■ PROMPT ■
Copy task. Retype the whole listing exactly, omitting any picture in it.

:: RECORDED INFORMATION ::

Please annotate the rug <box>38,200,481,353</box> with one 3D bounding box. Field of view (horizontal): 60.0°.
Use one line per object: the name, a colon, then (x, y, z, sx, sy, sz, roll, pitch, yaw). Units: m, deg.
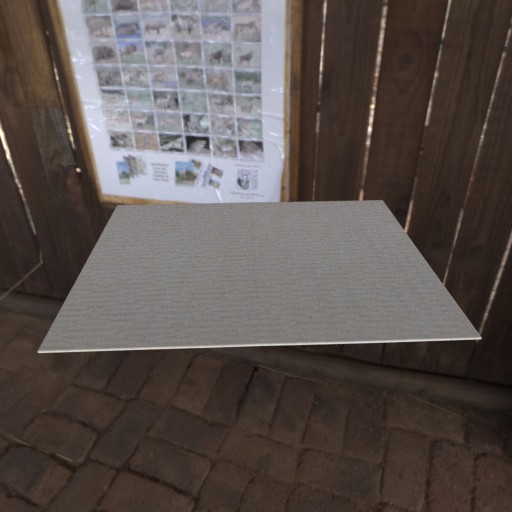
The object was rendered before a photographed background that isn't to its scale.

:::

■ YOUR RESPONSE ■
Please annotate the rug <box>38,200,481,353</box> with one 3D bounding box. Field of view (horizontal): 60.0°.
Use one line per object: the name, a colon, then (x, y, z, sx, sy, sz, roll, pitch, yaw). Units: m, deg.
The object was rendered before a photographed background that isn't to its scale.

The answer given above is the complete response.